Your assignment
Reproduce exactly the lines of this material that begin at the line with "Answer yes or no. Yes. Does" and end at the line with "Sales<fcel>Gross Margin<fcel>Earnings from", both included. Omit the pictures and everything else.

::::::::

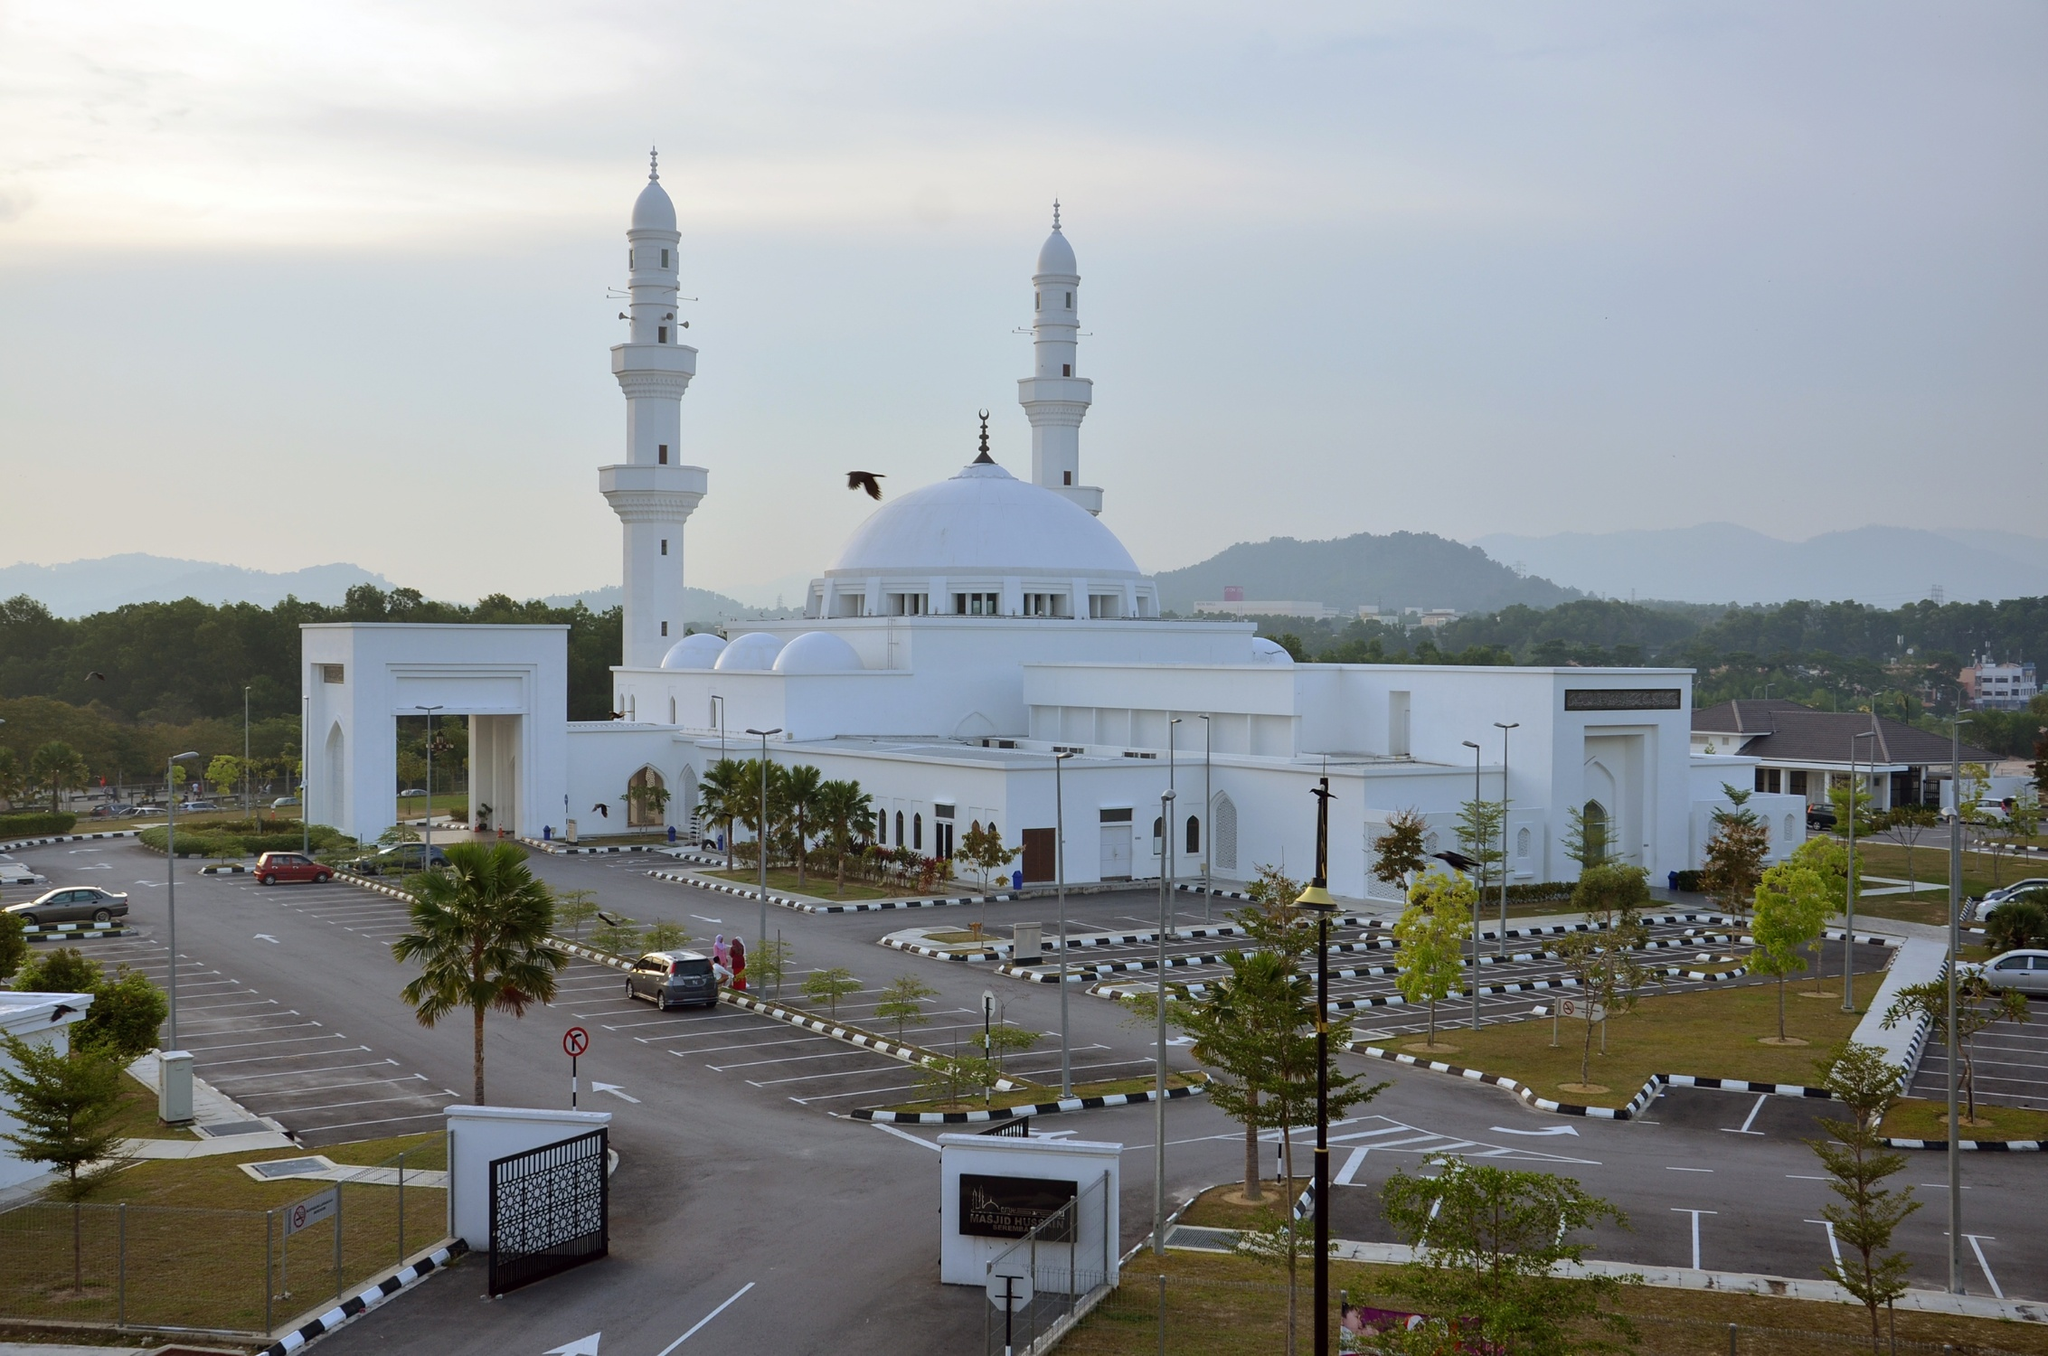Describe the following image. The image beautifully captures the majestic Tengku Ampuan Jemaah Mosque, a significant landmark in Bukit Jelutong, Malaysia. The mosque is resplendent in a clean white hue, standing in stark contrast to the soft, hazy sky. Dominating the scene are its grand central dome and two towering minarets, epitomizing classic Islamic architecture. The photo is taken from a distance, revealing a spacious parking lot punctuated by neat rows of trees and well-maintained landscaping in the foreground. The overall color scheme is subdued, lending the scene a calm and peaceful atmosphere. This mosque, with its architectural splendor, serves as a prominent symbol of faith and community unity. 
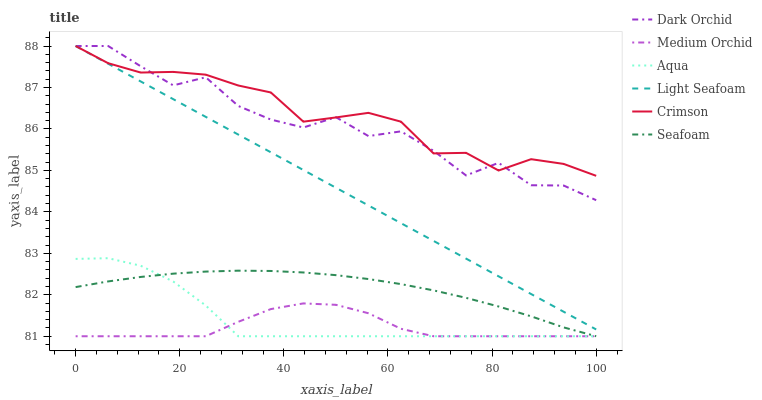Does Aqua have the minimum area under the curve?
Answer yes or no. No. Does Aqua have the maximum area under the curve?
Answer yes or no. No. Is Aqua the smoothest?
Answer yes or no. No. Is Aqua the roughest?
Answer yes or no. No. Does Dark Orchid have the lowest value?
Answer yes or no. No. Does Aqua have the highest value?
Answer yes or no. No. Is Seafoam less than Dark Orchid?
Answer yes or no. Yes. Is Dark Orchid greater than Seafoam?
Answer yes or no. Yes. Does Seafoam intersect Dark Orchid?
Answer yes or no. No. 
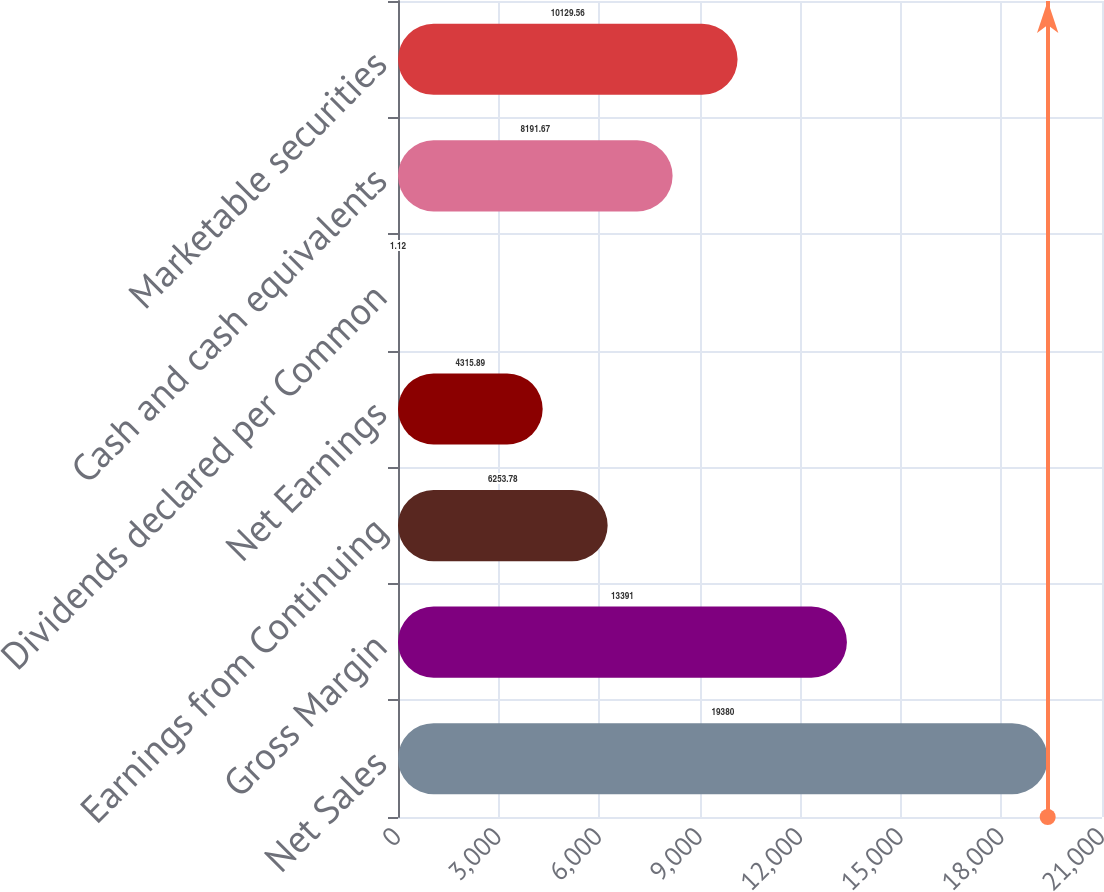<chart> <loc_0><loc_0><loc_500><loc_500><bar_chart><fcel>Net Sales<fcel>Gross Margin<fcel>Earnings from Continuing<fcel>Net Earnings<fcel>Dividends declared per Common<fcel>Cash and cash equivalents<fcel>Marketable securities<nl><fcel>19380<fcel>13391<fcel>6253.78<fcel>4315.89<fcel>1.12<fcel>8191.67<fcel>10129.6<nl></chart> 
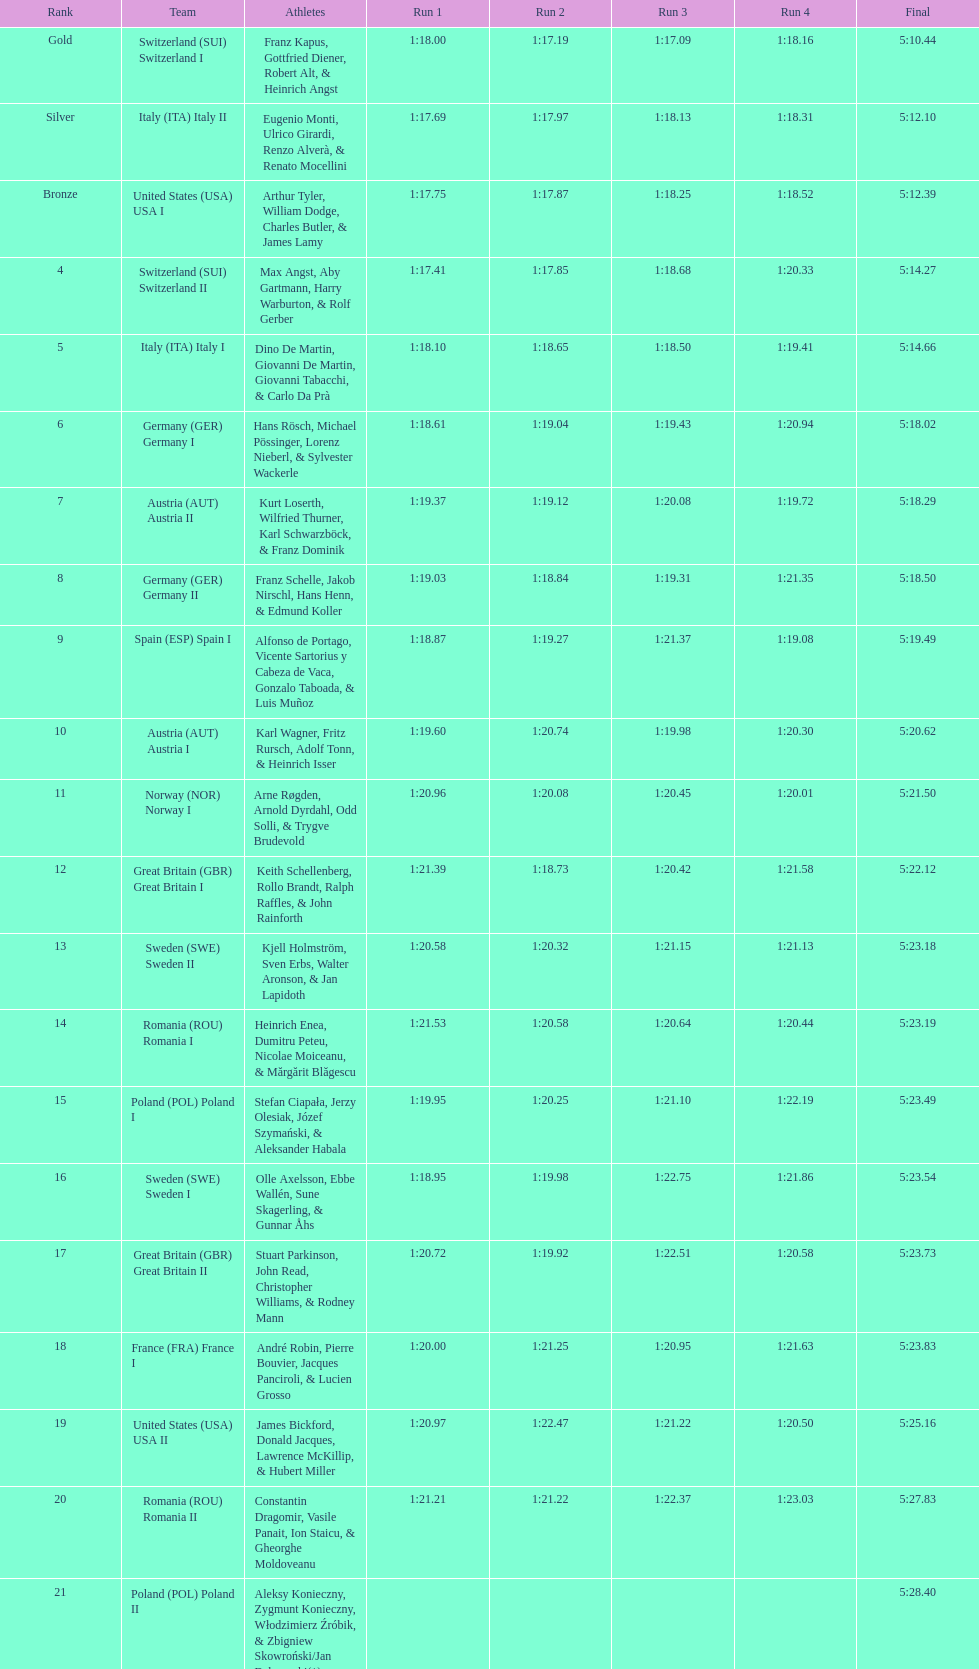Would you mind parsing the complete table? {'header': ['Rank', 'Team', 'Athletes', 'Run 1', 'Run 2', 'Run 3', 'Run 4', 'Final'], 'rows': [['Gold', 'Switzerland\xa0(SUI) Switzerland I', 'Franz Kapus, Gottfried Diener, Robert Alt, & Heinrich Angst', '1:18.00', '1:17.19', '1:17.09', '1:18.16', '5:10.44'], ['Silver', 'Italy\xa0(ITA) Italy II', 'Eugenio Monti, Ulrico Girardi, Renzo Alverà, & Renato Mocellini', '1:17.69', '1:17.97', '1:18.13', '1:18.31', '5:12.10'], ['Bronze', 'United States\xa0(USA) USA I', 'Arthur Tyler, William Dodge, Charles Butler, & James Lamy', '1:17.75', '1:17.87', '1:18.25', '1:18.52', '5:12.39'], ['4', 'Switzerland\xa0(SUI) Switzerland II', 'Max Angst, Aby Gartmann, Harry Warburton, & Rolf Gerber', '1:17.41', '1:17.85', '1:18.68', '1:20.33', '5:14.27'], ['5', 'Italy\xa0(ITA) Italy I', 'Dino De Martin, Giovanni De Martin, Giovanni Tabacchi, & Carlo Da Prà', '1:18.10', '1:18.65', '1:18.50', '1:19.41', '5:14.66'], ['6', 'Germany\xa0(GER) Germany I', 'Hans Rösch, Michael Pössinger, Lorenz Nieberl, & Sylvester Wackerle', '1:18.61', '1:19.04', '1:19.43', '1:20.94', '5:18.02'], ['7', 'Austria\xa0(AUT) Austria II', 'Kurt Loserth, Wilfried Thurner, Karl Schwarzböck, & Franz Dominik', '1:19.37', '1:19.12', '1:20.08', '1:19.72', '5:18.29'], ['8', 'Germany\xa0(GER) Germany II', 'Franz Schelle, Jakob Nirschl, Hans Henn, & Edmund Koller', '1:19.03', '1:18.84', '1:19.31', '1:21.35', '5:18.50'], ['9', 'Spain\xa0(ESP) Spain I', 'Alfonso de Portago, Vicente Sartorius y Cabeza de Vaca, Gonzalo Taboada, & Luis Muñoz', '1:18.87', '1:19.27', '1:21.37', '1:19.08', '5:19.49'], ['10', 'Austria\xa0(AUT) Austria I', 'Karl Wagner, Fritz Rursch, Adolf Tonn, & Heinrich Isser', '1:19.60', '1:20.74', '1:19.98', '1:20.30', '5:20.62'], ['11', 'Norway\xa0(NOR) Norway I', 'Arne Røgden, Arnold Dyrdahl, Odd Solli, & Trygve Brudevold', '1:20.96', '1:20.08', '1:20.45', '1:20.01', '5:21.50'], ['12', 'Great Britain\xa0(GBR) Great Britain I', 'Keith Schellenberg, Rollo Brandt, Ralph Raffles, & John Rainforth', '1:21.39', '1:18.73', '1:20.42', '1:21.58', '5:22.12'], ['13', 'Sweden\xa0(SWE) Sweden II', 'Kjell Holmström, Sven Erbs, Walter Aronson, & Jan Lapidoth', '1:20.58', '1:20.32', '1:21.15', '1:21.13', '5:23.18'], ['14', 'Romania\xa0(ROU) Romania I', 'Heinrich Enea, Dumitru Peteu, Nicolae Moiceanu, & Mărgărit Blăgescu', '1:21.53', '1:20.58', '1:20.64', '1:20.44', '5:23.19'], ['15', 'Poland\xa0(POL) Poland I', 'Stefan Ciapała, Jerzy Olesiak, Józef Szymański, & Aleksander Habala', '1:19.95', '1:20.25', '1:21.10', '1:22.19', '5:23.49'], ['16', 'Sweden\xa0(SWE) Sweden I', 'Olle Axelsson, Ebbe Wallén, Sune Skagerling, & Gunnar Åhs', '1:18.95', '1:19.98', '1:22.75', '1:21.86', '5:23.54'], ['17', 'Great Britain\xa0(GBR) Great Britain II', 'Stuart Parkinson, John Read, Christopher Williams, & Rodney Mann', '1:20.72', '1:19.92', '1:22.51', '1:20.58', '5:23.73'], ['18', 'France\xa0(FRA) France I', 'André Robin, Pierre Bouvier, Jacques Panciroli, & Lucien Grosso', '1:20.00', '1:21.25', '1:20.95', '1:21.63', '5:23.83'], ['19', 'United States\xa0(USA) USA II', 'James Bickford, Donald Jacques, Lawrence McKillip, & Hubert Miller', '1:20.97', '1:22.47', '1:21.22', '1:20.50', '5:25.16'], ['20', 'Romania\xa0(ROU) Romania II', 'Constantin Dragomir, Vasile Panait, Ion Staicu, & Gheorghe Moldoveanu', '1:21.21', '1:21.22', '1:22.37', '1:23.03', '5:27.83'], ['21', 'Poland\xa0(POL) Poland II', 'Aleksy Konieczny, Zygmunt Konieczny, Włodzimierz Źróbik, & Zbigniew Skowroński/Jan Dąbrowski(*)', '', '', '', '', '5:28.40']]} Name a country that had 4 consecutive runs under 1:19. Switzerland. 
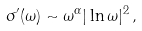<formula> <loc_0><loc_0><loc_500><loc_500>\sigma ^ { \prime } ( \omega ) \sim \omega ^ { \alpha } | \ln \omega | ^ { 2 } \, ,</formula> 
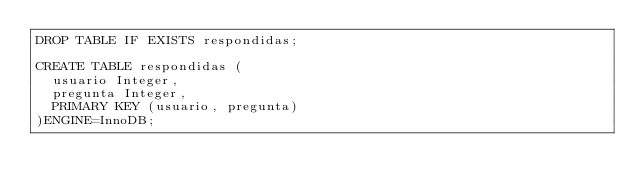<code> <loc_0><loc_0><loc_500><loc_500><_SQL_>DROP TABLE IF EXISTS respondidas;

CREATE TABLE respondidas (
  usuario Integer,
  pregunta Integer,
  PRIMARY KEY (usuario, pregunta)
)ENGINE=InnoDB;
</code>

::::::::

Answer to this task
Answer yes or no. Yes. Does Seafoam intersect Dark Orchid?
Answer yes or no. No. 
<chart> <loc_0><loc_0><loc_500><loc_500><bar_chart><fcel>Net Sales<fcel>Gross Margin<fcel>Earnings from Continuing<fcel>Net Earnings<fcel>Dividends declared per Common<fcel>Cash and cash equivalents<fcel>Marketable securities<nl><fcel>19380<fcel>13391<fcel>6253.78<fcel>4315.89<fcel>1.12<fcel>8191.67<fcel>10129.6<nl></chart> 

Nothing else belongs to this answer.